Persistent truncus arteriosus (or Truncus arteriosus) is a rare form of congenital heart disease that presents at birth. In this condition, the embryological structure known as the truncus arteriosus never properly divides into the pulmonary artery and aorta.

 

Classification

The most well-known classification was the fourfold system developed by Collett and Edwards in 1949.Collett RW, Edwards JE: Persistent truncus arteriosus: a classification according to anatomic types. Surg Clin North Am 1949; 29: 1245-70. Collett/Edwards Types I, II, and III are distinguished by the branching pattern of the pulmonary arteries: * Type I: truncus -> one pulmonary artery -> two lateral pulmonary arteries * Type II: truncus -> two posterior/posterolateral pulmonary arteries * Type III: truncus -> two lateral pulmonary arteries The "Type IV" proposed in 1949 is no longer considered a form of PTA by most modern sources.

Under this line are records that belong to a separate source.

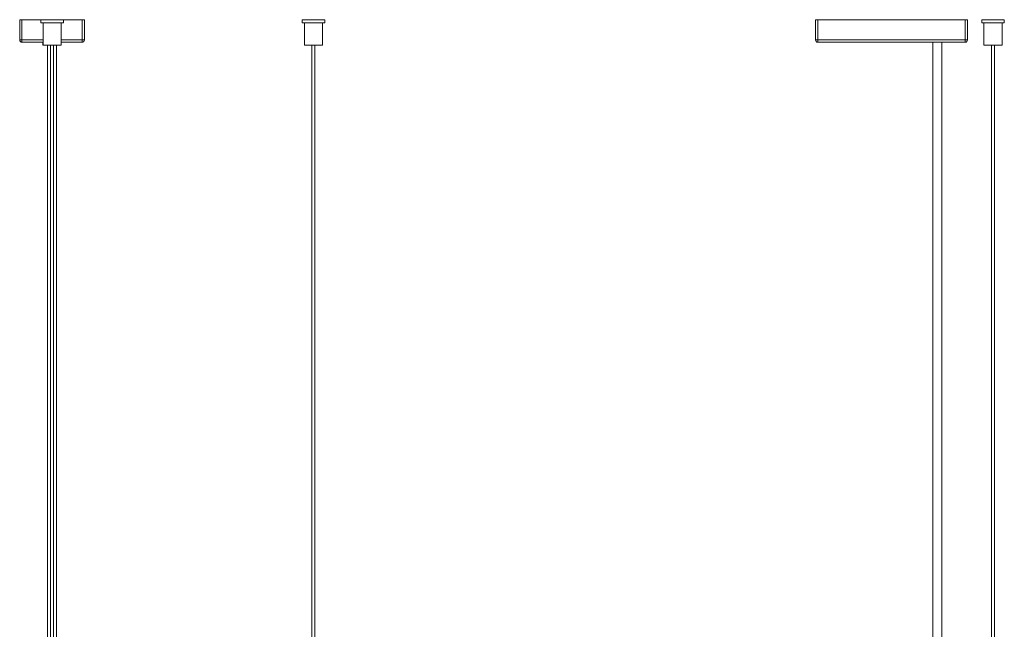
# Model space of a CAD drawing. Header units: millimetres. Extents: x 20 to 327, y 102 to 273.
# Tile 2 of 3: x 39 to 170, y 192 to 273. Entities that reach past the tile are written whole.
import ezdxf

# ---------------------------------------------------------------- set-up
doc = ezdxf.new("R2010")
doc.units = ezdxf.units.MM

msp = doc.modelspace()

# ---------------------------------------------------------------- linework, layer by layer
at = {"color": 7, "linetype": 'Continuous', "lineweight": 15}
for p, q in [((39.188, 270.72), (39.188, 273.42)), ((39.188, 273.42), (39.488, 273.42)), ((39.488, 273.42), (39.488, 270.72)), ((39.488, 273.42), (42.002, 273.42)), ((42.002, 273.42), (42.002, 273.02)), ((42.002, 273.42), (42.683, 273.42)), ((42.002, 273.02), (42.683, 273.02)), ((42.304, 273.02), (42.304, 270.02)), ((42.683, 273.42), (45.007, 273.42)), ((42.683, 273.02), (45.007, 273.02)), ((44.704, 270.02), (44.704, 273.02)), ((45.007, 273.02), (45.007, 273.42)), ((45.007, 273.42), (47.488, 273.42)), ((47.488, 270.72), (47.488, 273.42)), ((47.488, 273.42), (47.788, 273.42)), ((47.788, 273.42), (47.788, 270.72)), ((76.767, 273.42), (76.767, 273.02)), ((76.767, 273.42), (79.527, 273.42)), ((76.767, 273.02), (79.527, 273.02)), ((77.07, 273.02), (77.07, 270.02)), ((79.47, 270.02), (79.47, 273.02)), ((79.527, 273.42), (79.772, 273.42)), ((79.527, 273.02), (79.772, 273.02)), ((79.772, 273.02), (79.772, 273.42)), ((145.07, 270.72), (145.07, 273.42)), ((145.07, 273.42), (145.37, 273.42)), ((145.37, 273.42), (145.37, 270.72)), ((145.37, 273.42), (164.97, 273.42)), ((164.97, 270.72), (164.97, 273.42)), ((164.97, 273.42), (165.27, 273.42)), ((165.27, 273.42), (165.27, 270.72)), ((167.167, 273.42), (167.167, 273.02)), ((167.167, 273.42), (169.927, 273.42)), ((167.167, 273.02), (169.927, 273.02)), ((167.47, 273.02), (167.47, 270.02)), ((169.87, 270.02), (169.87, 273.02)), ((169.927, 273.42), (170.172, 273.42)), ((169.927, 273.02), (170.172, 273.02)), ((170.172, 273.02), (170.172, 273.42)), ((39.188, 270.72), (39.488, 270.72)), ((39.488, 270.42), (39.488, 270.72)), ((42.304, 270.42), (39.488, 270.42)), ((42.272, 270.42), (42.272, 270.02)), ((42.888, 270.02), (42.272, 270.02)), ((44.704, 270.02), (42.304, 270.02)), ((42.888, 270.02), (42.888, 139.42)), ((43.304, 270.02), (43.304, 140.82)), ((43.704, 140.82), (43.704, 270.02)), ((44.088, 139.42), (44.088, 270.02)), ((44.672, 270.02), (44.088, 270.02)), ((47.488, 270.42), (44.704, 270.42)), ((47.488, 270.42), (47.488, 270.72)), ((47.788, 270.72), (47.488, 270.72)), ((79.47, 270.02), (77.07, 270.02)), ((78.07, 270.02), (78.07, 140.82)), ((78.47, 140.82), (78.47, 270.02)), ((145.37, 270.72), (145.07, 270.72)), ((145.37, 270.72), (145.37, 270.42)), ((145.37, 270.72), (164.97, 270.72)), ((164.97, 270.42), (145.37, 270.42)), ((160.67, 270.42), (160.67, 133.254)), ((161.87, 133.254), (161.87, 270.42)), ((164.97, 270.72), (164.97, 270.42)), ((164.97, 270.72), (165.27, 270.72)), ((169.87, 270.02), (167.47, 270.02)), ((168.47, 270.02), (168.47, 140.82)), ((168.87, 140.82), (168.87, 270.02))]:
    msp.add_line(p, q, dxfattribs=at)
at = {"color": 8, "linetype": 'Continuous', "lineweight": 15}
for p, q in [((39.488, 270.72), (42.304, 270.72)), ((44.704, 270.72), (47.488, 270.72))]:
    msp.add_line(p, q, dxfattribs=at)
at = {"color": 7, "linetype": 'Continuous', "lineweight": 15}
for centre, start, end in [((39.488, 270.72), 180, 270), ((47.488, 270.72), 270, 0), ((145.37, 270.72), 180, 270), ((164.97, 270.72), 270, 0)]:
    msp.add_arc(centre, 0.3, start, end, dxfattribs=at)

doc.saveas('drawing.dxf')

Another well-known classification was defined by Van Praaghs in 1965.

 

Causes

Most of the time, this defect occurs spontaneously. Genetic disorders, and teratogens (viruses, metabolic imbalance, and industrial or pharmacological agents) have been associated as possible causes. Up to 50% (varies in studies) of cases are associated with chromosome 22q11 deletions. The neural crest, specifically a population known as the cardiac neural crest, directly contributes to the aorticopulmonary septum. Microablation of the cardiac neural crest in developing chick embryos and genetic anomalies affecting this population of cells in rodents results in persistent truncus arteriosus. Numerous perturbations affecting the cardiac neural crest have been associated with persistent truncus arteriosus, some of which include growth factors (fibroblast growth factor 8 and bone morphogenetic protein), transcription factors (T-box, Pax, Nkx2-5, GATA-6, and Forkhead), and gap junction proteins (Connexin). The cardiac neural crest also contributes the smooth muscle of the great arteries.

 

Anatomical changes

Anatomical changes associated with this disorder includes: * single artery arising from the two ventricles which gives rise to both the aortic and pulmonary vessels * abnormal truncal valve * right sided aortic arch in about 30% of cases (not shown) * large ventricular septal defect * pulmonary hypertension * complete mixing occurring at level of the great vessel

 

Clinical manifestations

Cyanosis presents at birth * Heart failure occurs within weeks * Systolic ejection murmur is heard at the left sternal border * Widened pulse pressure * Bounding arterial pulses * Loud second heart sound * Biventricular hypertrophy * Cardiomegaly * Increased pulmonary vascularity * Hypocalcemia (if associated with DiGeorge syndrome)

 

Treatment

Treatment is with neonatal surgical repair. The ventricular septal defect is closed with a patch. The pulmonary arteries are then detached from the common artery (truncus arteriosus) and connected to the right ventricle using a tube (a conduit or tunnel).